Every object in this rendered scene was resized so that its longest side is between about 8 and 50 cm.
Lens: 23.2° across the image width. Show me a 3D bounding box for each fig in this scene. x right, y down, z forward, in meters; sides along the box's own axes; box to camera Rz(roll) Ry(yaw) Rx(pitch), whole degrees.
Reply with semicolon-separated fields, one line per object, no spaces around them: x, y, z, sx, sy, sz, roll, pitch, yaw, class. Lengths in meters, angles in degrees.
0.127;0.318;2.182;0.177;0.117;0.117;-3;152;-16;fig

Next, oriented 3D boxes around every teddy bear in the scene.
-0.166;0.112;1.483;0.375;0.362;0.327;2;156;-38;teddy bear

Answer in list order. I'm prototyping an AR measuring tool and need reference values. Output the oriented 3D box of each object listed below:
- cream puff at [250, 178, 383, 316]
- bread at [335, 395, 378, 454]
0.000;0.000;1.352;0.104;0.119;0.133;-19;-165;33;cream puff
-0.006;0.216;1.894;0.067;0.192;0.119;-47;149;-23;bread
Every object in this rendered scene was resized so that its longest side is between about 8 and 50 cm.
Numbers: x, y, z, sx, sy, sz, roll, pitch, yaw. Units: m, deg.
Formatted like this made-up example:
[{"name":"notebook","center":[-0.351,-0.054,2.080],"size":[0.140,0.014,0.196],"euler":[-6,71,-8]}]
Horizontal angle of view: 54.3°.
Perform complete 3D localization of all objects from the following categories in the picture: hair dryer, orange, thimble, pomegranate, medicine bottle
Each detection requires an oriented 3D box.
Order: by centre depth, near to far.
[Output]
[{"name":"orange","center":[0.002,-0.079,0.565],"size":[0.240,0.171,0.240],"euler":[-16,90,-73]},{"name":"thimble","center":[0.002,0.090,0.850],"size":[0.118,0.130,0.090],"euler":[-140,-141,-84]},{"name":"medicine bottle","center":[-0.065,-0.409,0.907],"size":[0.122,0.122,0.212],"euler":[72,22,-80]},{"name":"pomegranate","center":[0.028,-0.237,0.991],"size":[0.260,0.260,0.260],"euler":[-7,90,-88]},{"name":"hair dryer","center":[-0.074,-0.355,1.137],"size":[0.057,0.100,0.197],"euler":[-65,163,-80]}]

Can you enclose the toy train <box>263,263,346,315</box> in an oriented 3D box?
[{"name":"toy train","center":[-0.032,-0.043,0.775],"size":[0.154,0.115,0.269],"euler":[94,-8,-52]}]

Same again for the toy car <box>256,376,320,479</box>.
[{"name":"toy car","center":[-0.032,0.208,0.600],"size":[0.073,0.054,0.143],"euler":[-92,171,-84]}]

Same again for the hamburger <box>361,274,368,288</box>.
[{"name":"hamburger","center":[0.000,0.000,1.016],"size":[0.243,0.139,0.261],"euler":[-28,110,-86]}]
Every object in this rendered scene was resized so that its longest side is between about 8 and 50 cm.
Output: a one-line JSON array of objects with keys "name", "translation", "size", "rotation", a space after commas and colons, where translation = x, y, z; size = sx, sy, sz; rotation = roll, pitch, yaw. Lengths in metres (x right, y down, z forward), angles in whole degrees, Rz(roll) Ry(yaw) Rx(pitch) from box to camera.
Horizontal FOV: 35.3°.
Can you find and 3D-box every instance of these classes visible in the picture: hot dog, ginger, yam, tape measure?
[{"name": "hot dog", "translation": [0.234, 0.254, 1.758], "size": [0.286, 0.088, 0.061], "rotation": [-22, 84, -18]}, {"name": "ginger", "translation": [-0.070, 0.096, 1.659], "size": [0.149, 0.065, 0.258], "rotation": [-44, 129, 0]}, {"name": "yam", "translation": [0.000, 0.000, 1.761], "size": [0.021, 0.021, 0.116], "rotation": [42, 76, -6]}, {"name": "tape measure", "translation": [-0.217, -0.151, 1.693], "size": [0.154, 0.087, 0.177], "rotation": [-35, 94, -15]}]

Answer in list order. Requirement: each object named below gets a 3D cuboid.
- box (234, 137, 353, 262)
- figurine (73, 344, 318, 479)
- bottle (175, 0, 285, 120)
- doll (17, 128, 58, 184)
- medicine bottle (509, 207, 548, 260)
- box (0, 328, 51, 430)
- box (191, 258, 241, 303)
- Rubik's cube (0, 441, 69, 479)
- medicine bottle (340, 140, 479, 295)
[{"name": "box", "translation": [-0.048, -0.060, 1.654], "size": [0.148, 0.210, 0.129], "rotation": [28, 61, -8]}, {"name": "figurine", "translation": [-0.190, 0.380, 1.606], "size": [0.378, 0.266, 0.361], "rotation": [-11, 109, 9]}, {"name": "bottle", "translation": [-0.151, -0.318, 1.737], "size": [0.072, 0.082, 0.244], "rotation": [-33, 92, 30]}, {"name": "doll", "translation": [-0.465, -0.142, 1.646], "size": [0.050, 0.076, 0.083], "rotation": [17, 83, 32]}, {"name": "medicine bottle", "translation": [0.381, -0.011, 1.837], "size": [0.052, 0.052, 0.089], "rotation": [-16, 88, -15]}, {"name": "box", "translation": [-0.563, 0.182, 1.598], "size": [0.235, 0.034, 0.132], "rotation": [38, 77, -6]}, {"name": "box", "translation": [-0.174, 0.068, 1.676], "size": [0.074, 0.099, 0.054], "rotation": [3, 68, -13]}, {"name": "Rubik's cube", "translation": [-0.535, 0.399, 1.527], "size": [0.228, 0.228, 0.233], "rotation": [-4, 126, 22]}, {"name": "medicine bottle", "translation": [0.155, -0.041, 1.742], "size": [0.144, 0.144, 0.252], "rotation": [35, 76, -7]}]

==*==

TASK >> Every line of the material above is to be copied exactly.

OUTPUT >>
Every object in this rendered scene was resized so that its longest side is between about 8 and 50 cm.
Lens: 23.2° across the image width. Show me a 3D bounding box for each fig in this scene. x right, y down, z forward, in meters; sides along the box's own axes; box to camera Rz(roll) Ry(yaw) Rx(pitch), whole degrees.
Reply with semicolon-separated fields, one line per object, no spaces around them: x, y, z, sx, sy, sz, roll, pitch, yaw, class. Lengths in meters, angles in degrees.
0.127;0.318;2.182;0.177;0.117;0.117;-3;152;-16;fig

Next, oriented 3D boxes around every teddy bear in the scene.
-0.166;0.112;1.483;0.375;0.362;0.327;2;156;-38;teddy bear

Answer in list order. I'm prototyping an AR measuring tool and need reference values. Output the oriented 3D box of each object listed below:
- cream puff at [250, 178, 383, 316]
- bread at [335, 395, 378, 454]
0.000;0.000;1.352;0.104;0.119;0.133;-19;-165;33;cream puff
-0.006;0.216;1.894;0.067;0.192;0.119;-47;149;-23;bread
Every object in this rendered scene was resized so that its longest side is between about 8 and 50 cm.
Numbers: x, y, z, sx, sy, sz, roll, pitch, yaw. Units: m, deg.
Formatted like this made-up example:
[{"name":"notebook","center":[-0.351,-0.054,2.080],"size":[0.140,0.014,0.196],"euler":[-6,71,-8]}]
Horizontal angle of view: 54.3°.
Perform complete 3D localization of all objects from the following categories in the picture: hair dryer, orange, thimble, pomegranate, medicine bottle
Each detection requires an oriented 3D box.
Order: by centre depth, near to far.
[Output]
[{"name":"orange","center":[0.002,-0.079,0.565],"size":[0.240,0.171,0.240],"euler":[-16,90,-73]},{"name":"thimble","center":[0.002,0.090,0.850],"size":[0.118,0.130,0.090],"euler":[-140,-141,-84]},{"name":"medicine bottle","center":[-0.065,-0.409,0.907],"size":[0.122,0.122,0.212],"euler":[72,22,-80]},{"name":"pomegranate","center":[0.028,-0.237,0.991],"size":[0.260,0.260,0.260],"euler":[-7,90,-88]},{"name":"hair dryer","center":[-0.074,-0.355,1.137],"size":[0.057,0.100,0.197],"euler":[-65,163,-80]}]

Can you enclose the toy train <box>263,263,346,315</box> in an oriented 3D box?
[{"name":"toy train","center":[-0.032,-0.043,0.775],"size":[0.154,0.115,0.269],"euler":[94,-8,-52]}]

Same again for the toy car <box>256,376,320,479</box>.
[{"name":"toy car","center":[-0.032,0.208,0.600],"size":[0.073,0.054,0.143],"euler":[-92,171,-84]}]

Same again for the hamburger <box>361,274,368,288</box>.
[{"name":"hamburger","center":[0.000,0.000,1.016],"size":[0.243,0.139,0.261],"euler":[-28,110,-86]}]
Every object in this rendered scene was resized so that its longest side is between about 8 and 50 cm.
Output: a one-line JSON array of objects with keys "name", "translation", "size", "rotation", a space after commas and colons, where translation = x, y, z; size = sx, sy, sz; rotation = roll, pitch, yaw. Lengths in metres (x right, y down, z forward), angles in whole degrees, Rz(roll) Ry(yaw) Rx(pitch) from box to camera.
Horizontal FOV: 35.3°.
Can you find and 3D-box every instance of these classes visible in the picture: hot dog, ginger, yam, tape measure?
[{"name": "hot dog", "translation": [0.234, 0.254, 1.758], "size": [0.286, 0.088, 0.061], "rotation": [-22, 84, -18]}, {"name": "ginger", "translation": [-0.070, 0.096, 1.659], "size": [0.149, 0.065, 0.258], "rotation": [-44, 129, 0]}, {"name": "yam", "translation": [0.000, 0.000, 1.761], "size": [0.021, 0.021, 0.116], "rotation": [42, 76, -6]}, {"name": "tape measure", "translation": [-0.217, -0.151, 1.693], "size": [0.154, 0.087, 0.177], "rotation": [-35, 94, -15]}]

Answer in list order. Requirement: each object named below gets a 3D cuboid.
- box (234, 137, 353, 262)
- figurine (73, 344, 318, 479)
- bottle (175, 0, 285, 120)
- doll (17, 128, 58, 184)
- medicine bottle (509, 207, 548, 260)
- box (0, 328, 51, 430)
- box (191, 258, 241, 303)
- Rubik's cube (0, 441, 69, 479)
- medicine bottle (340, 140, 479, 295)
[{"name": "box", "translation": [-0.048, -0.060, 1.654], "size": [0.148, 0.210, 0.129], "rotation": [28, 61, -8]}, {"name": "figurine", "translation": [-0.190, 0.380, 1.606], "size": [0.378, 0.266, 0.361], "rotation": [-11, 109, 9]}, {"name": "bottle", "translation": [-0.151, -0.318, 1.737], "size": [0.072, 0.082, 0.244], "rotation": [-33, 92, 30]}, {"name": "doll", "translation": [-0.465, -0.142, 1.646], "size": [0.050, 0.076, 0.083], "rotation": [17, 83, 32]}, {"name": "medicine bottle", "translation": [0.381, -0.011, 1.837], "size": [0.052, 0.052, 0.089], "rotation": [-16, 88, -15]}, {"name": "box", "translation": [-0.563, 0.182, 1.598], "size": [0.235, 0.034, 0.132], "rotation": [38, 77, -6]}, {"name": "box", "translation": [-0.174, 0.068, 1.676], "size": [0.074, 0.099, 0.054], "rotation": [3, 68, -13]}, {"name": "Rubik's cube", "translation": [-0.535, 0.399, 1.527], "size": [0.228, 0.228, 0.233], "rotation": [-4, 126, 22]}, {"name": "medicine bottle", "translation": [0.155, -0.041, 1.742], "size": [0.144, 0.144, 0.252], "rotation": [35, 76, -7]}]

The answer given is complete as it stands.